In 1997, a new series entitled Yakyū-kyō no Uta Heisei-hen (野球狂の詩 平成編) started to be serialized by Kodansha in Mister Magazine. Later, it was collected into 3 tankōbon released between August 7, 1998, and March 9, 2000. Shin Yakyū-kyō no Uta (新・野球狂の詩) was published on 11 tankōbon between January 23, 2001, and October 21, 2005.

Four bound volumes were published under Platinum Comics line between June 11, 2003, and July 23, 2003: Iwata Tetsugorō-hen (岩田鉄五郎編), Kokuritsu-dama Ichirō-hen (国立玉一郎編), Hiura Ken-hen (火浦健編), and Yakyū Shokunin-den-hen (野球職人伝編).

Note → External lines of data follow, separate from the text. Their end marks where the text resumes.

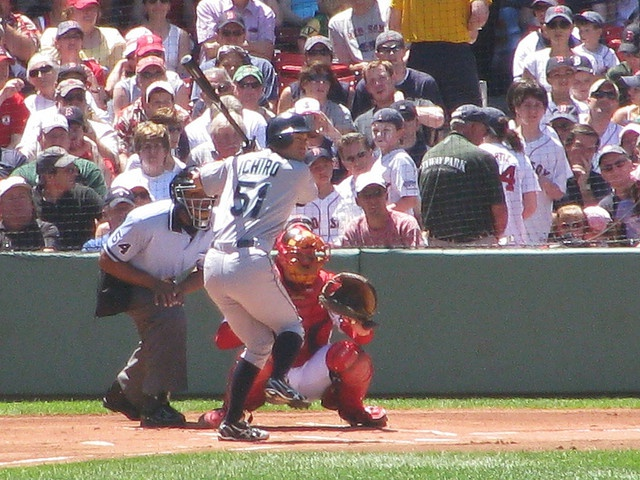Describe the objects in this image and their specific colors. I can see people in brown, gray, white, and darkgray tones, people in brown, gray, and white tones, people in brown, gray, and black tones, people in brown and maroon tones, and people in brown, black, gray, and darkgray tones in this image. 
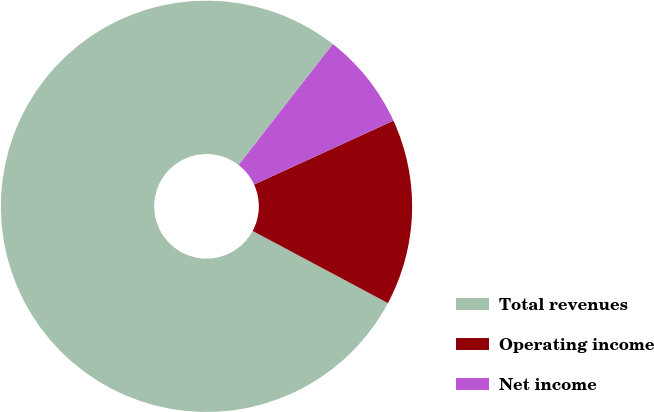Convert chart. <chart><loc_0><loc_0><loc_500><loc_500><pie_chart><fcel>Total revenues<fcel>Operating income<fcel>Net income<nl><fcel>77.73%<fcel>14.64%<fcel>7.63%<nl></chart> 
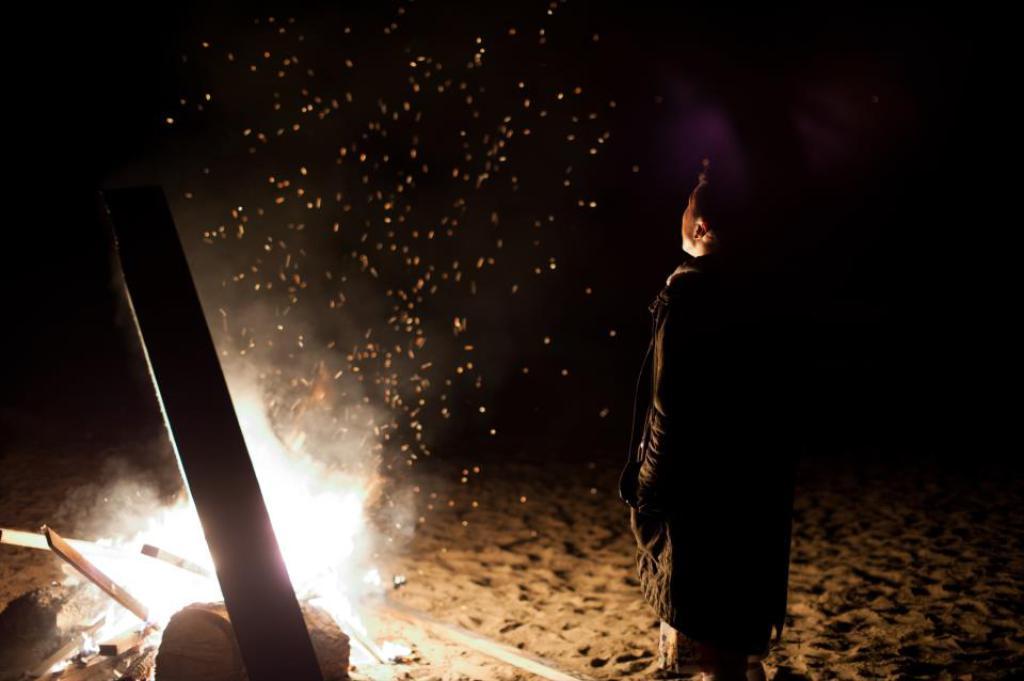Can you describe this image briefly? In the image there is a person standing on sandy land with a campfire in front of him.

A crossover manga between Yakyū-kyō no Uta and Dokaben, another Mizushima manga, was first published in 2005. On February 8, 2006, it was released by Kodansha in a bound volume under the title Yakyū-kyō no Uta Vs. Dokaben (野球狂の詩 VS. ドカベン). Later, on September 30, 2009, a "Superstars Edition" (スーパースターズ編) was published.

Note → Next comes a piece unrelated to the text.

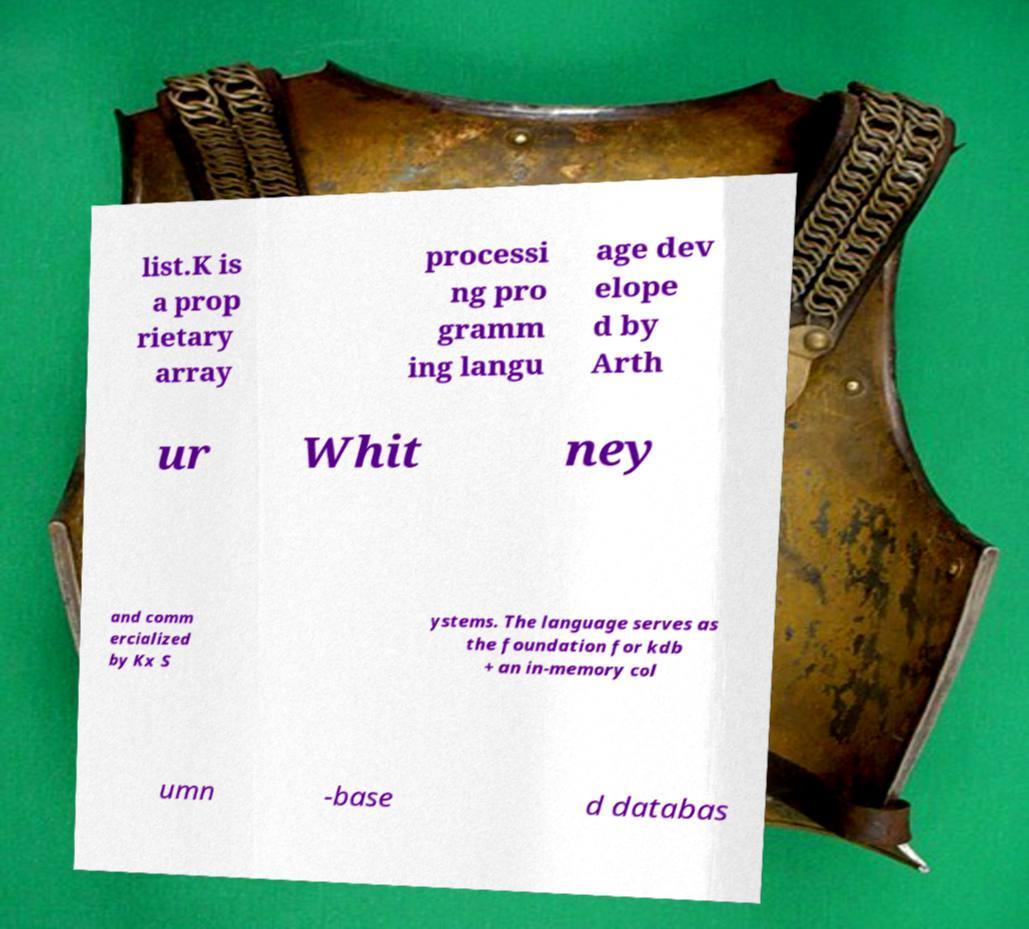Can you read and provide the text displayed in the image?This photo seems to have some interesting text. Can you extract and type it out for me? list.K is a prop rietary array processi ng pro gramm ing langu age dev elope d by Arth ur Whit ney and comm ercialized by Kx S ystems. The language serves as the foundation for kdb + an in-memory col umn -base d databas 
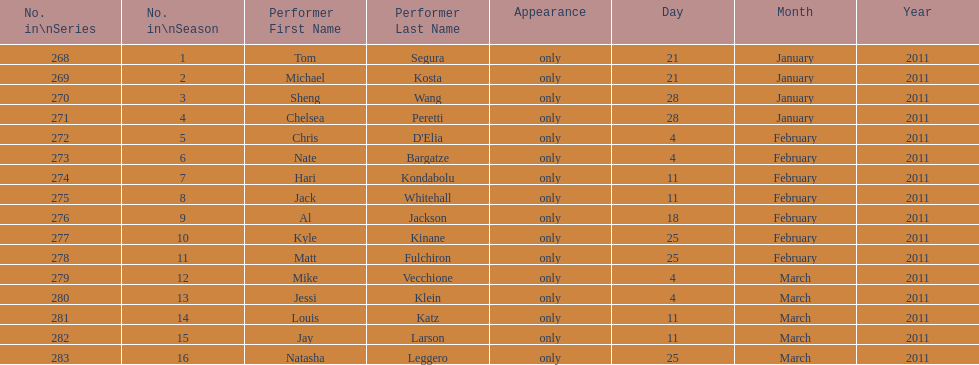What is the name of the last performer on this chart? Natasha Leggero.

On February 10, 2009, a series entitled Shinsō-ban Yakyū-kyō no Uta: Mizuhara Yūki-hen (新装版 野球狂の詩 水原勇気編), that follows the story of Yūki Mizuhara, a real-life female baseball player, started to be published. Spawning three bound volumes, it was last published on April 10, 2009, by Kodansha.

=== Live-action film ===
Akira Katō directed a live-action adaptation that was released on March 19, 1977. It starred Midori Kinouchi, was produced by Hiromi Higuchi, written by Masayasu Ōehara and Rokurō Kumagaya, and its score was composed by Shin Takada.

====Cast====
- Midori Kinouchi as Yuki Mizuhara
- Asao Koike as Tetsugoro Iwata
- Hiroshi Inuzuka as Mizuhara
- Katsuya Nomura as himself
- Kei Tani as Sentaro
- Jūkei Fujioka as Matsukawa

=== Anime ===
A 25-episode anime television series was created by Nippon Animation, and was broadcast on Fuji Television between December 23, 1977, and March 26, 1979. An anime film titled Yakyū-kyō no Uta: Kita no Ōkami, Minami no Tora (野球狂の詩 北の狼・南の虎) was released in theatres on September 15, 1979, and shown together with the first Future Boy Conan compilation movie.

=== TV drama ===
The series was adapted into a live-action Japanese television drama broadcast on January 7, 1985, on Fuji Television.